How Do Consumer Staples Relate to Consumer Discretionaries?

Companies that produce or distribute consumer staples, which are goods people tend to buy out of necessity regardless of economic conditions, are generally thought to be defensive. They include food, beverages, hygiene products, tobacco, and certain household items. These companies generate steady cash flow and predictable earnings during strong and weak economies. Their stocks tend to outperform nondefensive or consumer cyclical stocks that sell discretionary products during weak economies while underperforming them in strong economies. When the overall economy isn’t doing well, one sector that usually performs better than average is Consumer Staples or Consumer Defensive.

Douglas Simmons, manager of the Fidelity® Select Utilities Portfolio () says that he sees plenty more potential fuel behind the rally. But if you’re looking to batten down the hatches on your portfolio, read on for a closer look into each of these 3 sectors, and where Fidelity’s portfolio managers have found opportunities.

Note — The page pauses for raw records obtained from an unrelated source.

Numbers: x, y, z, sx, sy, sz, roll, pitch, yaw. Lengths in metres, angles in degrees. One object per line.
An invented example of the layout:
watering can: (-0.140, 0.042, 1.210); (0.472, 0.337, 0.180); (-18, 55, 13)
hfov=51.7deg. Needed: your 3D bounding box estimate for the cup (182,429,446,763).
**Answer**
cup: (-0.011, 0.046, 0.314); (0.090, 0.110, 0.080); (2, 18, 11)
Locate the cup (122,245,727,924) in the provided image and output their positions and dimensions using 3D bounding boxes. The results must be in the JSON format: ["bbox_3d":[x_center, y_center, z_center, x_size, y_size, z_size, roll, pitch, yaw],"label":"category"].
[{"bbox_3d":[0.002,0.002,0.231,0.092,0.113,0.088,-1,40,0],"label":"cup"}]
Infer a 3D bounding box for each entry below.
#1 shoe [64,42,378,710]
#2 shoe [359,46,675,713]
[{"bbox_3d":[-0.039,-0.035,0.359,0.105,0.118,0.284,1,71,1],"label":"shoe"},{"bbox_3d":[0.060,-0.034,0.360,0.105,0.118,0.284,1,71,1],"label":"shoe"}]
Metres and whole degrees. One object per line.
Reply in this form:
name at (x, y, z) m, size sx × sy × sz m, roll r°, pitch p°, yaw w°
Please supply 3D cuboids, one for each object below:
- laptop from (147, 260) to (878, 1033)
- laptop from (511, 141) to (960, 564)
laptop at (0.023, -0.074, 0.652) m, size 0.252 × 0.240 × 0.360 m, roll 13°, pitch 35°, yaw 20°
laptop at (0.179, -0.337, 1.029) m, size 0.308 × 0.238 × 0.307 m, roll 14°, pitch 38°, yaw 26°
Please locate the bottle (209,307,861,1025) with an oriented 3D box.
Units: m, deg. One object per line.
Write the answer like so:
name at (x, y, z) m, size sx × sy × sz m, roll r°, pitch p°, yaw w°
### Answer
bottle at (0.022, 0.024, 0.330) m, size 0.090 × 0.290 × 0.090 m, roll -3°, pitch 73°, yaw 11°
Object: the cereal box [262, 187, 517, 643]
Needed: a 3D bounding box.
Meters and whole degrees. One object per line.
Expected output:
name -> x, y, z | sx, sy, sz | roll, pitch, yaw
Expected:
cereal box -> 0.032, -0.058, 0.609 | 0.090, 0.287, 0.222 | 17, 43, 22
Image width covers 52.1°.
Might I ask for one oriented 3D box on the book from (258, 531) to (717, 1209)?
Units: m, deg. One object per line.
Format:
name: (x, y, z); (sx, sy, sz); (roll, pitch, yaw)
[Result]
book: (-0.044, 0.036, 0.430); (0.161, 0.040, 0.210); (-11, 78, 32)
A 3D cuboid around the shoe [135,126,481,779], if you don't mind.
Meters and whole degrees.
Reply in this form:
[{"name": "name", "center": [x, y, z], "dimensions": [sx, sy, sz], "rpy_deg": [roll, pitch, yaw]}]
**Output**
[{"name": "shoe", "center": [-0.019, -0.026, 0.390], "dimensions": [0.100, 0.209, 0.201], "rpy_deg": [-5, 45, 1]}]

Views expressed are as of the date indicated, based on the information available at that time, and may change based on market or other conditions. Unless otherwise noted, the opinions provided are those of the speaker or author and not necessarily those of Fidelity Investments or its affiliates.

«There are basically only 3 players of scale in the subsector, and the barriers to entry are very high,» he says. If a consumer wants a cola, they usually only have 2 options to choose from—Coke and Pepsi. An example of a portfolio holding that has illustrated this thesis is UnitedHealth Group (), one of the largest health insurers in the US. With earnings growth for the broad market declining, growth expectations for utilities may look increasingly attractive.